My own experience suggests to me that this story about memorisation and repetition is largely true, and the features of a university education do not help us get this right. In particular the siloing of learning into distinct modules taught by different staff and often with little programme level overview means there is little coordination of material to allow for well timed repetition that will reenforce important ideas in a way that will aid memorisation. I have been particularly worried about this with my own students recently as we have moved to a block model of teaching where students are only on one module at a time, but doing this one module in an intensive fashion. I teach first year introductory microeconomics in the autumn, then the same cohort come back for their intermediate microeconomics in the winter a year later, with little in the way of any other microeconomics in-between. The consequence being that they have retained very little in that period, we have to do a lot of catching up, leaving little time for new material.
What could improve the situation? Firstly a programme-level view of what they most important ideas are, and how to sequence them throughout the course. This would require coordination between multiple course leaders in a way that rarely happens at university (at least in my experience). It would also mean sacrificing breadth of knowledge for depth, but this is no bad thing. Too often I have heard academics worry about discussing a given number of ideas, with little consideration for whether students actually learn or retain those ideas.

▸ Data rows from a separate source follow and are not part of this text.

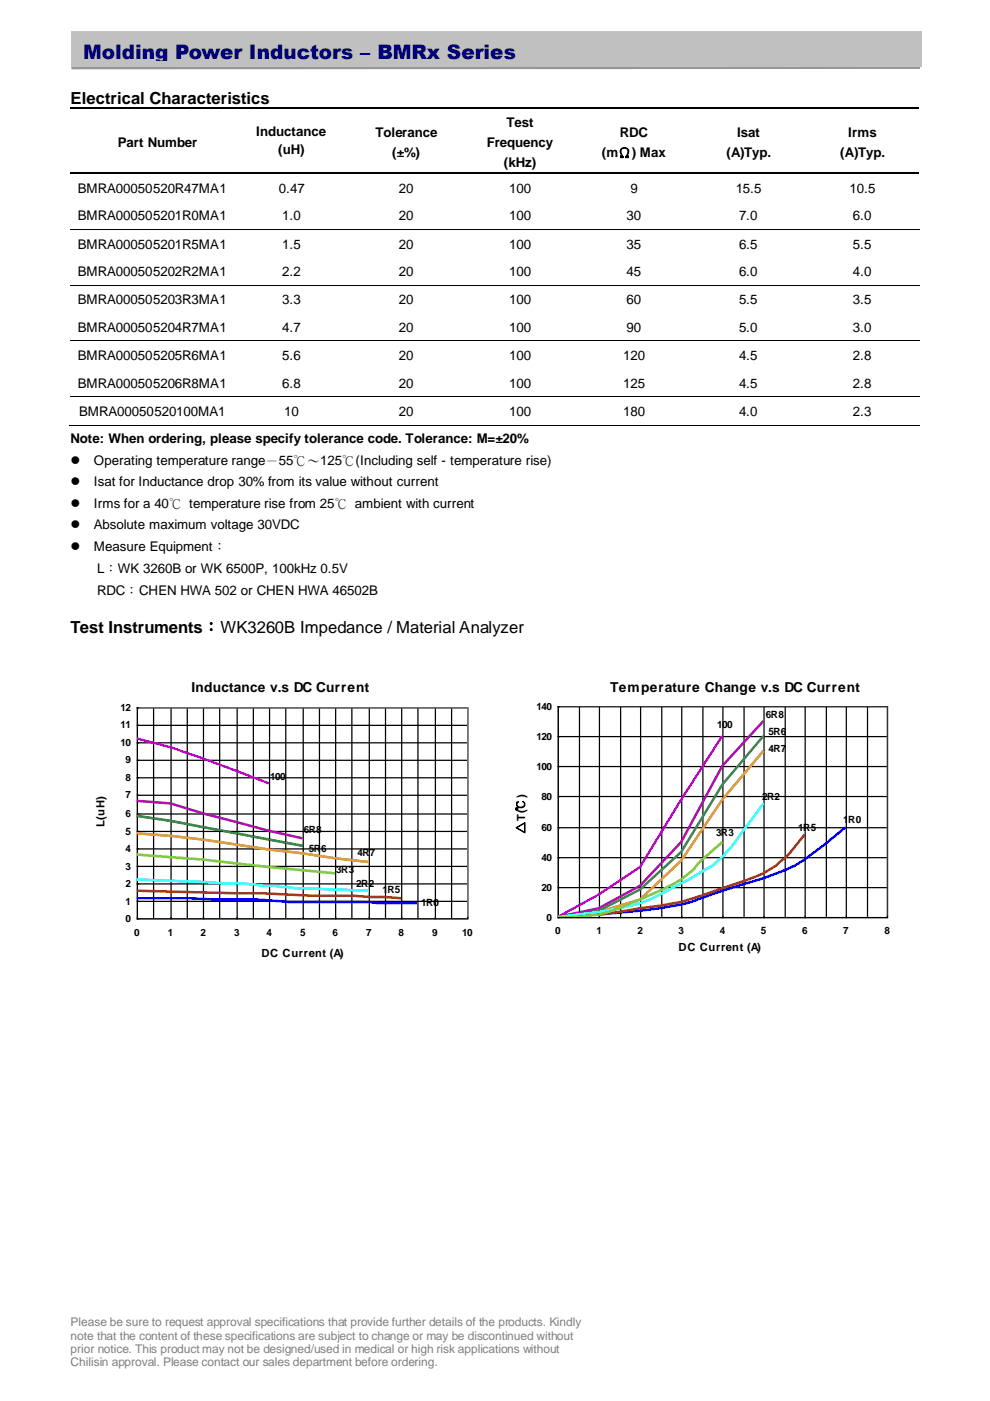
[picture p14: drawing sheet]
<svg xmlns="http://www.w3.org/2000/svg" width="210mm" height="297mm" viewBox="0 0 210 297" stroke-linecap="round" stroke-linejoin="round" font-family="sans-serif">
<defs><g id="words">
<text font-size="4.2" fill="#000080" x="17.6" y="12.6">Molding Power Inductors – BMRx Series</text>
<g font-size="3.5">
<text x="15" y="22">Electrical Characteristics</text>
<text x="15" y="134.1">Test Instruments：WK3260B Impedance / Material Analyzer</text>
</g>
<g font-size="2.9">
<text x="40.6" y="146.8">Inductance v.s DC Current</text>
<text x="129.4" y="146.8">Temperature Change v.s DC Current</text>
</g>
<g font-size="2.8">
<text x="54.4" y="28.8">Inductance</text>
<text x="79.6" y="29.1">Tolerance</text>
<text x="107.5" y="27">Test</text>
<text x="131.5" y="29.1">RDC</text>
<text x="156.3" y="29.1">Isat</text>
<text x="179.9" y="29.1">Irms</text>
<text x="25" y="31.2">Part Number</text>
<text x="59" y="32.8">(uH)</text>
<text x="83.2" y="33.3">(±%)</text>
<text x="103.2" y="31.2">Frequency</text>
<text x="106.9" y="35.4">(kHz)</text>
<text x="127.7" y="33.3">(mΩ) Max</text>
<text x="154.1" y="33.3">(A)Typ.</text>
<text x="178.2" y="33.3">(A)Typ.</text>
<text x="16.5" y="40.9">BMRA00050520R47MA1</text>
<text x="59.2" y="40.9">0.47</text>
<text x="84.6" y="40.9">20</text>
<text x="108" y="40.9">100</text>
<text x="133.7" y="40.9">9</text>
<text x="156" y="40.9">15.5</text>
<text x="180.2" y="40.9">10.5</text>
<text x="16.5" y="46.7">BMRA000505201R0MA1</text>
<text x="59.9" y="46.7">1.0</text>
<text x="84.6" y="46.7">20</text>
<text x="108" y="46.7">100</text>
<text x="132.9" y="46.7">30</text>
<text x="156.7" y="46.7">7.0</text>
<text x="180.9" y="46.7">6.0</text>
<text x="16.5" y="52.8">BMRA000505201R5MA1</text>
<text x="59.9" y="52.8">1.5</text>
<text x="84.6" y="52.8">20</text>
<text x="108" y="52.8">100</text>
<text x="132.9" y="52.8">35</text>
<text x="156.7" y="52.8">6.5</text>
<text x="180.9" y="52.8">5.5</text>
<text x="16.5" y="58.6">BMRA000505202R2MA1</text>
<text x="59.9" y="58.6">2.2</text>
<text x="84.6" y="58.6">20</text>
<text x="108" y="58.6">100</text>
<text x="132.9" y="58.6">45</text>
<text x="156.7" y="58.6">6.0</text>
<text x="180.9" y="58.6">4.0</text>
<text x="16.5" y="64.5">BMRA000505203R3MA1</text>
<text x="59.9" y="64.5">3.3</text>
<text x="84.6" y="64.5">20</text>
<text x="108" y="64.5">100</text>
<text x="132.9" y="64.5">60</text>
<text x="156.7" y="64.5">5.5</text>
<text x="180.9" y="64.5">3.5</text>
<text x="16.5" y="70.3">BMRA000505204R7MA1</text>
<text x="59.9" y="70.3">4.7</text>
<text x="84.6" y="70.3">20</text>
<text x="108" y="70.3">100</text>
<text x="132.9" y="70.3">90</text>
<text x="156.7" y="70.3">5.0</text>
<text x="180.9" y="70.3">3.0</text>
<text x="16.5" y="76.4">BMRA000505205R6MA1</text>
<text x="59.9" y="76.4">5.6</text>
<text x="84.6" y="76.4">20</text>
<text x="108" y="76.4">100</text>
<text x="132.2" y="76.4">120</text>
<text x="156.7" y="76.4">4.5</text>
<text x="180.9" y="76.4">2.8</text>
<text x="16.5" y="82.2">BMRA000505206R8MA1</text>
<text x="59.9" y="82.2">6.8</text>
<text x="84.6" y="82.2">20</text>
<text x="108" y="82.2">100</text>
<text x="132.2" y="82.2">125</text>
<text x="156.7" y="82.2">4.5</text>
<text x="180.9" y="82.2">2.8</text>
<text x="16.8" y="88.1">BMRA00050520100MA1</text>
<text x="60.3" y="88.1">10</text>
<text x="84.6" y="88.1">20</text>
<text x="108" y="88.1">100</text>
<text x="132.2" y="88.1">180</text>
<text x="156.7" y="88.1">4.0</text>
<text x="180.9" y="88.1">2.3</text>
<text x="15" y="93.9">Note: When ordering, please specify tolerance code. Tolerance: M=±20%</text>
<text x="15" y="98.5">⚫</text>
<text x="19.9" y="98.5">Operating temperature range－55℃～125℃(Including self - temperature rise)</text>
<text x="15" y="103.1">⚫</text>
<text x="15" y="107.7">⚫</text>
<text x="19.9" y="103.1">Isat for Inductance drop 30% from its value without current</text>
<text x="19.9" y="107.7">Irms for a 40℃ temperature rise from 25℃ ambient with current</text>
<text x="15" y="112.2">⚫</text>
<text x="19.9" y="112.2">Absolute maximum voltage 30VDC</text>
<text x="15" y="116.9">⚫</text>
<text x="19.9" y="116.9">Measure Equipment：</text>
<text x="20.6" y="121.4">L：WK 3260B or WK 6500P, 100kHz 0.5V</text>
<text x="20.6" y="126.1">RDC：CHEN HWA 502 or CHEN HWA 46502B</text>
</g>
<g font-size="2.5" fill="#7f7f7f">
<text x="15" y="281.1">Please be sure to request approval specifications that provide further details of the products. Kindly</text>
<text x="15" y="284">note that the content of these specifications are subject to change or may be discontinued without</text>
<text x="15" y="286.9">prior notice. This product may not be designed/used in medical or high risk applications without</text>
<text x="15" y="289.7">Chilisin approval. Please contact our sales department before ordering.</text>
</g>
<g font-size="2.4">
<text x="22.1" y="175.4" transform="rotate(-90 22.1 175.4)">L(uH)</text>
<text x="111.1" y="176.7" transform="rotate(-90 111.1 176.7)">△T(℃)</text>
<text x="55.4" y="202.9">DC Current (A)</text>
<text x="143.9" y="201.6">DC Current (A)</text>
</g>
<g font-size="2.1">
<text x="25.6" y="154.5">11</text>
<text x="25.6" y="150.7">12</text>
<text x="113.8" y="150.5">140</text>
<text x="152.1" y="154.5">100</text>
<text x="162.4" y="152.3">6R8</text>
<text x="163" y="155.8">5R6</text>
<text x="25.6" y="158.2">10</text>
<text x="26.6" y="161.9">9</text>
<text x="113.8" y="156.8">120</text>
<text x="163" y="159.5">4R7</text>
<text x="26.6" y="165.6">8</text>
<text x="57.3" y="165.3">100</text>
<text x="113.8" y="163.2">100</text>
<text x="26.6" y="173.2">6</text>
<text x="26.6" y="169.3">7</text>
<text x="114.8" y="169.5">80</text>
<text x="161.7" y="169.5">2R2</text>
<text x="26.6" y="177">5</text>
<text x="64.4" y="176.7">6R8</text>
<text x="114.8" y="176.2">60</text>
<text x="151.9" y="177.2">3R3</text>
<text x="169.3" y="176.2">1R5</text>
<text x="178.8" y="174.6">1R0</text>
<text x="26.6" y="184.4">3</text>
<text x="26.6" y="180.6">4</text>
<text x="65.5" y="180.6">5R6</text>
<text x="71.3" y="185.2">3R3</text>
<text x="75.8" y="181.4">4R7</text>
<text x="114.8" y="182.5">40</text>
<text x="26.6" y="191.8">1</text>
<text x="26.6" y="188.1">2</text>
<text x="75.5" y="188.1">2R2</text>
<text x="81.1" y="189.4">1R5</text>
<text x="114.8" y="188.9">20</text>
<text x="26.6" y="195.5">0</text>
<text x="89.3" y="192">1R0</text>
<text x="115.9" y="195.2">0</text>
<text x="28.5" y="198.4">0</text>
<text x="35.6" y="198.4">1</text>
<text x="42.5" y="198.4">2</text>
<text x="49.6" y="198.4">3</text>
<text x="56.5" y="198.4">4</text>
<text x="63.7" y="198.4">5</text>
<text x="70.5" y="198.4">6</text>
<text x="77.7" y="198.4">7</text>
<text x="84.5" y="198.4">8</text>
<text x="91.7" y="198.4">9</text>
<text x="98" y="198.4">10</text>
<text x="117.8" y="198.1">0</text>
<text x="126.5" y="198.1">1</text>
<text x="135.2" y="198.1">2</text>
<text x="143.9" y="198.1">3</text>
<text x="152.7" y="198.1">4</text>
<text x="161.4" y="198.1">5</text>
<text x="170.1" y="198.1">6</text>
<text x="178.8" y="198.1">7</text>
<text x="187.6" y="198.1">8</text>
</g>
</g></defs>
<path d="M195.1 14.1l-180 .1" fill="none" stroke="#969696" stroke-width="1.1" stroke-linecap="butt"/>
<path d="M15.1 6.6h180.4v7.5h-180.4z" fill-rule="evenodd" fill="#c0c0c0"/>
<g fill="none" stroke="#000" stroke-width=".21">
<path d="M15 22.8h34.8M15 23.1h34.8M15 36.5h34.8M15 36.8h34.8M50.3 22.8h23.7M50.3 23.1h23.7M50.3 36.5h23.7M50.3 36.8h23.7M74.4 22.8h23.9M74.4 23.1h23.9M74.4 36.5h23.9M74.4 36.8h23.9"/>
<path d="M98.7 22.8h23.7M98.7 23.1h23.7M98.7 36.5h23.7M98.7 36.8h23.7M122.8 22.8h23.8M122.8 23.1h23.8M122.8 36.5h23.8M122.8 36.8h23.8M147 22.8h23.9M147 23.1h23.9M147 36.5h23.9M147 36.8h23.9"/>
<path d="M171.3 22.8h23.7M171.3 23.1h23.7M171.3 36.5h23.7M171.3 36.8h23.7M15 48.6h34.8M50 48.6h24M74.1 48.6h24.2M98.4 48.6h24M122.6 48.6h24M146.7 48.6h24.2M171 48.6h24M15 60.5h34.8"/>
<path d="M15 72.2h34.8M50 60.5h24M50 72.2h24M74.1 60.5h24.2M74.1 72.2h24.2M98.4 60.5h24M98.4 72.2h24M122.6 60.5h24M122.6 72.2h24M146.7 60.5h24.2M146.7 72.2h24.2M171 60.5h24"/>
<path d="M171 72.2h24M14.8 90.1h180.2M15 84.1h34.8M50 84.1h24M74.1 84.1h24.2M98.4 84.1h24M122.6 84.1h24M146.7 84.1h24.2M171 84.1h24"/>
</g>
<g fill="#000">
<path d="M49.8 22.7h.5v.2h-.5z" fill-rule="evenodd"/>
<path d="M49.8 23h.5v.1h-.5z" fill-rule="evenodd"/>
<path d="M49.8 36.4h.5v.2h-.5z" fill-rule="evenodd"/>
<path d="M49.8 36.7h.5v.1h-.5z" fill-rule="evenodd"/>
<path d="M74 22.7h.4v.2h-.4z" fill-rule="evenodd"/>
<path d="M74 23h.4v.1h-.4z" fill-rule="evenodd"/>
<path d="M74 36.4h.4v.2h-.4z" fill-rule="evenodd"/>
<path d="M74 36.7h.4v.1h-.4z" fill-rule="evenodd"/>
<path d="M98.3 22.7h.4v.2h-.4z" fill-rule="evenodd"/>
<path d="M98.3 23h.4v.1h-.4z" fill-rule="evenodd"/>
<path d="M98.3 36.4h.4v.2h-.4z" fill-rule="evenodd"/>
<path d="M98.3 36.7h.4v.1h-.4z" fill-rule="evenodd"/>
<path d="M122.4 22.7h.4v.2h-.4z" fill-rule="evenodd"/>
<path d="M122.4 23h.4v.1h-.4z" fill-rule="evenodd"/>
<path d="M122.4 36.4h.4v.2h-.4z" fill-rule="evenodd"/>
<path d="M122.4 36.7h.4v.1h-.4z" fill-rule="evenodd"/>
<path d="M146.6 22.7h.4v.2h-.4z" fill-rule="evenodd"/>
<path d="M146.6 23h.4v.1h-.4z" fill-rule="evenodd"/>
<path d="M146.6 36.4h.4v.2h-.4z" fill-rule="evenodd"/>
<path d="M146.6 36.7h.4v.1h-.4z" fill-rule="evenodd"/>
<path d="M170.9 22.7h.4v.2h-.4z" fill-rule="evenodd"/>
<path d="M170.9 23h.4v.1h-.4z" fill-rule="evenodd"/>
<path d="M170.9 36.4h.4v.2h-.4z" fill-rule="evenodd"/>
<path d="M170.9 36.7h.4v.1h-.4z" fill-rule="evenodd"/>
<path d="M49.8 48.6l.2 .1z" fill-rule="evenodd"/>
<path d="M74 48.6l.1 .1z" fill-rule="evenodd"/>
<path d="M98.3 48.6l.1 .1z" fill-rule="evenodd"/>
<path d="M122.4 48.6l.2 .1z" fill-rule="evenodd"/>
<path d="M146.6 48.6l.1 .1z" fill-rule="evenodd"/>
<path d="M170.9 48.6l.1 .1z" fill-rule="evenodd"/>
<path d="M49.8 60.4l.2 .2z" fill-rule="evenodd"/>
<path d="M49.8 72.1l.2 .2z" fill-rule="evenodd"/>
<path d="M74 60.4l.1 .2z" fill-rule="evenodd"/>
<path d="M74 72.1l.1 .2z" fill-rule="evenodd"/>
<path d="M98.3 60.4l.1 .2z" fill-rule="evenodd"/>
<path d="M98.3 72.1l.1 .2z" fill-rule="evenodd"/>
<path d="M122.4 60.4l.2 .2z" fill-rule="evenodd"/>
<path d="M122.4 72.1l.2 .2z" fill-rule="evenodd"/>
<path d="M146.6 60.4l.1 .2z" fill-rule="evenodd"/>
<path d="M146.6 72.1l.1 .2z" fill-rule="evenodd"/>
<path d="M170.9 60.4l.1 .2z" fill-rule="evenodd"/>
<path d="M170.9 72.1l.1 .2z" fill-rule="evenodd"/>
<path d="M49.7 90.1l.1 .1z" fill-rule="evenodd"/>
<path d="M49.8 84l.2 .1z" fill-rule="evenodd"/>
<path d="M73.9 90.1l.1 .1z" fill-rule="evenodd"/>
<path d="M74 84l.1 .1z" fill-rule="evenodd"/>
<path d="M98.1 90.1l.2 .1z" fill-rule="evenodd"/>
<path d="M98.3 84l.1 .1z" fill-rule="evenodd"/>
<path d="M122.3 90.1l.1 .1z" fill-rule="evenodd"/>
<path d="M122.4 84l.2 .1z" fill-rule="evenodd"/>
<path d="M146.4 90.1l.2 .1z" fill-rule="evenodd"/>
<path d="M146.6 84l.1 .1z" fill-rule="evenodd"/>
<path d="M170.7 90.1l.2 .1z" fill-rule="evenodd"/>
<path d="M170.9 84l.1 .1z" fill-rule="evenodd"/>
</g>
<path d="M17.9 143.1h83.6v61.4h-83.6z" fill-rule="evenodd" fill="#fff"/>
<g fill="none" stroke="#000" stroke-width=".26">
<path d="M29.1 153.8h69.9M29.1 157.5h69.9M32.6 150.1v44.4M36.3 150.1v44.7M39.7 150.1v44.4M43.2 150.1v44.7M46.6 150.1v44.4M50.3 150.1v44.7M53.7 150.1v44.4M57.2 150.1v44.7M60.6 150.1v44.4M64.3 150.1v44.7"/>
<path d="M67.8 150.1v44.4M71.2 150.1v44.7M74.6 150.1v44.4M78.3 150.1v44.7M81.8 150.1v44.4M85.2 150.1v44.7M88.6 150.1v44.4M92.3 150.1v44.7M95.8 150.1v44.4M99 150.1h-69.9v44.7h69.9M99.2 150.1v44.7M29.1 161.2h69.9"/>
<path d="M29.1 164.9h69.9M29.1 168.6h69.9M29.1 172.6h69.9M29.1 176.3h69.9M29.1 180h69.9M29.1 183.7h69.9M29.1 187.4h69.9M29.1 191.1h69.9"/>
</g>
<path d="M29.1 150.1h69.9M29.1 150.3v44.5M99.2 150.1v44.4M29.4 194.8h69.8" fill="none" stroke="#808080" stroke-width=".26"/>
<path d="M29 156.6l7.2 1.8 6.8 2.4 14 5.3" fill="none" stroke="#f0f" stroke-width=".53"/>
<path d="M29 169.8l7.2 .5a422.3 422.3 0 0 0 28 7.4" fill="none" stroke="#800080" stroke-width=".53"/>
<path d="M29 173l7.2 1 28 5.3" fill="none" stroke="#008000" stroke-width=".53"/>
<path d="M29 176.7a251.5 251.5 0 0 1 28 3.4l21.2 2.7" fill="none" stroke="#f90" stroke-width=".53"/>
<path d="M29 190.4a273.5 273.5 0 0 1 18.8 .3 88.1 88.1 0 0 1 13.5 .5h16.9l2.1 .3h8.2" fill="none" stroke="#00f" stroke-width=".53"/>
<path d="M29 188.9l21.2 .5h5.3a245.8 245.8 0 0 0 19.5 .5l10.1 .5" fill="none" stroke="#930" stroke-width=".53"/>
<path d="M29 186.5l17.7 .8h3.7l5.3 .5h2.7l1 .3h1.6l1.6 .2 15.6 .6" fill="none" stroke="#0ff" stroke-width=".53"/>
<path d="M29 181.2a371.7 371.7 0 0 1 28 2.6l14.1 1.4" fill="none" stroke="#9c0" stroke-width=".53"/>
<path d="M108.5 143.1h83.6v61.4h-83.6z" fill-rule="evenodd" fill="#fff"/>
<g fill="none" stroke="#000" stroke-width=".26">
<path d="M118.4 156.2h69.6M122.9 149.8v44.5M127.1 149.8v44.7M131.6 149.8v44.5M135.9 149.8v44.7M140.4 149.8v44.5M144.6 149.8v44.7M149.1 149.8v44.5M153.3 149.8v44.7M157.8 149.8v44.5M162 149.8v44.7M166.5 149.8v44.5"/>
<path d="M170.8 149.8v44.7M175.3 149.8v44.5M179.5 149.8v44.7M184 149.8v44.5M188 149.8h-69.6v44.7h69.6M188.2 149.8v44.7M118.4 162.5h69.6M118.4 168.9h69.6M118.4 175.5h69.6M118.4 181.8h69.6M118.4 188.2h69.6"/>
</g>
<path d="M118.4 149.8h69.6M118.4 150.1v44.4M188.2 149.8v44.5M118.7 194.5h69.5" fill="none" stroke="#333" stroke-width=".26"/>
<path d="M161.9 159.2l-8.7 10.3-8.7 13-8.8 8.2-8.7 2.7-8.7 1" fill="none" stroke="#f90" stroke-width=".53"/>
<path d="M161.9 156l-8.7 10.4-8.7 14.2-8.8 8-8.7 4.5-8.7 1.3" fill="none" stroke="#396" stroke-width=".53"/>
<path d="M161.9 152.9l-8.7 9.5-8.7 16.1-8.8 9.3-8.7 4.8-8.7 1.8" fill="none" stroke="#800080" stroke-width=".53"/>
<path d="M153.2 156l-8.7 13.5-8.8 14.3-8.7 5.9-8.7 4.7" fill="none" stroke="#f0f" stroke-width=".53"/>
<path d="M179.4 175.4a97.3 97.3 0 0 1-10.9 8.2l-6.6 2.6a156.4 156.4 0 0 0-15.3 5 103.2 103.2 0 0 1-19.6 2.7l-8.7 .5" fill="none" stroke="#00f" stroke-width=".53"/>
<path d="M170.6 177l-3.1 3.9-2.9 2.7a22.6 22.6 0 0 1-6.7 3.1l-13.4 4.5-13.3 2.2-4.2 .5-8.7 .5" fill="none" stroke="#930" stroke-width=".53"/>
<path d="M161.9 170.3l-6.6 9-2.1 2.4-2.1 1.9a133.2 133.2 0 0 1-13.2 7.1 56.9 56.9 0 0 1-15.4 3.2l-4.2 .5" fill="none" stroke="#0ff" stroke-width=".53"/>
<path d="M153.2 178.5l-4.2 3.7-1.9 2.2a21.3 21.3 0 0 1-6.6 4.2l-2.4 1.1a62.2 62.2 0 0 1-11.1 4.2l-4.5 .5h-4.2" fill="none" stroke="#9c0" stroke-width=".53"/>
<use href="#words"/>
</svg>

The other argument for higher education that stems from SA’s analysis is that we can help inculcate a love of learning. Most learning by students is done independently so we need to provide a broad structure and let them get on with it. Maybe I am pessimistic, but this seems like something that for most people would have happened already. How many 18 year olds who don’t really enjoy learning, come to university and then discover the love of learning they never picked up during 14 years in school?

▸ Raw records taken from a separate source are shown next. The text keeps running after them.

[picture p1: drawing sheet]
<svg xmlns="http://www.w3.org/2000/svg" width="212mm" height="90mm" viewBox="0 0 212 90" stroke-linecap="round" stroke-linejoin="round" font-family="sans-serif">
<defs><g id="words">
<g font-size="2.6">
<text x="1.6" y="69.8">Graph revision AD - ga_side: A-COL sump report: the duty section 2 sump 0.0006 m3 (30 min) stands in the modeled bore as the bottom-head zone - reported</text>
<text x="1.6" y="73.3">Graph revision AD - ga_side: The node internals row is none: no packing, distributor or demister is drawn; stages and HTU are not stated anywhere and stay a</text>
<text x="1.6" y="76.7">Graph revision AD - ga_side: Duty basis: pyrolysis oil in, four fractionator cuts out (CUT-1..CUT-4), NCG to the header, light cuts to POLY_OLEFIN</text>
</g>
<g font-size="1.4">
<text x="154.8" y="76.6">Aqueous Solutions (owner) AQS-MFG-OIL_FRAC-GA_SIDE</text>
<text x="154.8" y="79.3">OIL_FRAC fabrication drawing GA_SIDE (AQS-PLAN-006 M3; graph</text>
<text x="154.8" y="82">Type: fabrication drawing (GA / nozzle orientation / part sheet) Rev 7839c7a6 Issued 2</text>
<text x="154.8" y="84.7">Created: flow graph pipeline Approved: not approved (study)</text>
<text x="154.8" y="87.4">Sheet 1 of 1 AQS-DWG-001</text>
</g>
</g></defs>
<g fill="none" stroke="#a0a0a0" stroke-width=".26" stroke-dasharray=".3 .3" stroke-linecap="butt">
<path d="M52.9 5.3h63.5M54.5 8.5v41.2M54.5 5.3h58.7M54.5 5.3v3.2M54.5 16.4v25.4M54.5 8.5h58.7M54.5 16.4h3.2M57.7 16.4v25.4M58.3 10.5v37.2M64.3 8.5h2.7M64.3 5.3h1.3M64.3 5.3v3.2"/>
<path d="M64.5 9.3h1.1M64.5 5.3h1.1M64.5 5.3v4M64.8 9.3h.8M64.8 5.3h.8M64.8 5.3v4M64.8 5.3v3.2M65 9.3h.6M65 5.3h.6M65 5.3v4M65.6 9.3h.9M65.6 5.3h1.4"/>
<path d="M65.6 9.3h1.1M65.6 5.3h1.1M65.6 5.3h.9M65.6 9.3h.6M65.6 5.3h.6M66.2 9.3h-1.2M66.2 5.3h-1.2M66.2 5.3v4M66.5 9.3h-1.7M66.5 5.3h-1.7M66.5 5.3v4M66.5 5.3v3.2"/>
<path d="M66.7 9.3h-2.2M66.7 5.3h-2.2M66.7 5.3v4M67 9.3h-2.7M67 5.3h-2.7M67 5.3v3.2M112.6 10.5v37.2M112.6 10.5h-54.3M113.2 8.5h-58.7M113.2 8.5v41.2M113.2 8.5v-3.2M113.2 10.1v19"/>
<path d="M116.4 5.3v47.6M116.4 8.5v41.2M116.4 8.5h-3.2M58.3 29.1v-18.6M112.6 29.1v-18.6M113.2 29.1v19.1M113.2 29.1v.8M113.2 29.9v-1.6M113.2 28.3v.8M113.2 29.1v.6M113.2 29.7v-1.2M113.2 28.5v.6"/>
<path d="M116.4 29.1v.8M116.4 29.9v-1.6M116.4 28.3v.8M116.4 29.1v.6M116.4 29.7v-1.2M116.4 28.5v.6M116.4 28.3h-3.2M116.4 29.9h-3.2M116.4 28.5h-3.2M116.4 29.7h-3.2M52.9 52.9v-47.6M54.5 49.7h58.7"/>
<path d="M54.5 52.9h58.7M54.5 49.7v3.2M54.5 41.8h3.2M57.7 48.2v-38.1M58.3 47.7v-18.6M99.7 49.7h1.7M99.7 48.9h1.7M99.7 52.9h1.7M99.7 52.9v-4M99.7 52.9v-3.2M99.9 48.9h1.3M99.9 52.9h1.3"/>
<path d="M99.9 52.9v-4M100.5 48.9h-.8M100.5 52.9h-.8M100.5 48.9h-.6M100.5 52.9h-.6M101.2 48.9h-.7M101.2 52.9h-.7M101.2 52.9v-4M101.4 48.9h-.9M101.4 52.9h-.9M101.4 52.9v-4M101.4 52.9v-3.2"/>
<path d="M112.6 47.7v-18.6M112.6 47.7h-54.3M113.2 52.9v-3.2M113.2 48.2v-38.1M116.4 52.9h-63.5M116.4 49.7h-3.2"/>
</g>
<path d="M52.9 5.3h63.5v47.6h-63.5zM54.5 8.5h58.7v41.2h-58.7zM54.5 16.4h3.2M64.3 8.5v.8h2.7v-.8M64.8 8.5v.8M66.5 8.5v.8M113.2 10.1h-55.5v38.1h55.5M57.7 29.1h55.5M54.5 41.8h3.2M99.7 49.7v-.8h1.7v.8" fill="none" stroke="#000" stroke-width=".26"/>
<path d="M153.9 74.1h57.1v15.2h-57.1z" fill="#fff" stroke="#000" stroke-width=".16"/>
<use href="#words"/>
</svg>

Am I being too miserable, can anyone give a more positive vision?
Conclusion and practical steps
I believe these two topics relate to each other. We have a model of learning that requires well timed repetitions, and the the development of AI-tutors that can directly help with this, especially in a higher education setting. What steps can we take?
Have a look at the video above and the link to Khan academy to get an idea of the technology that is now being developed. If your students aren’t using something like this now, they will be soon, and being able to integrate this into your own teaching will be vital.
Think about how students could use an app like this for your courses. What do they struggle with? What are the important ideas? How do you assess them? How does it complement existing resources?
Think about the element of repetition, when you introduce an idea, when do they have the chance to see it again, to implement it, to put it into practice? Is this being done in a way that will help them keep it in their long-term memory, to use it later in their degree or their career? If not then you need to talk to others who are teaching on your course and do better, perhaps with the aid of technology such as an AI-tutor.
(hey look, the image has some correct words now!)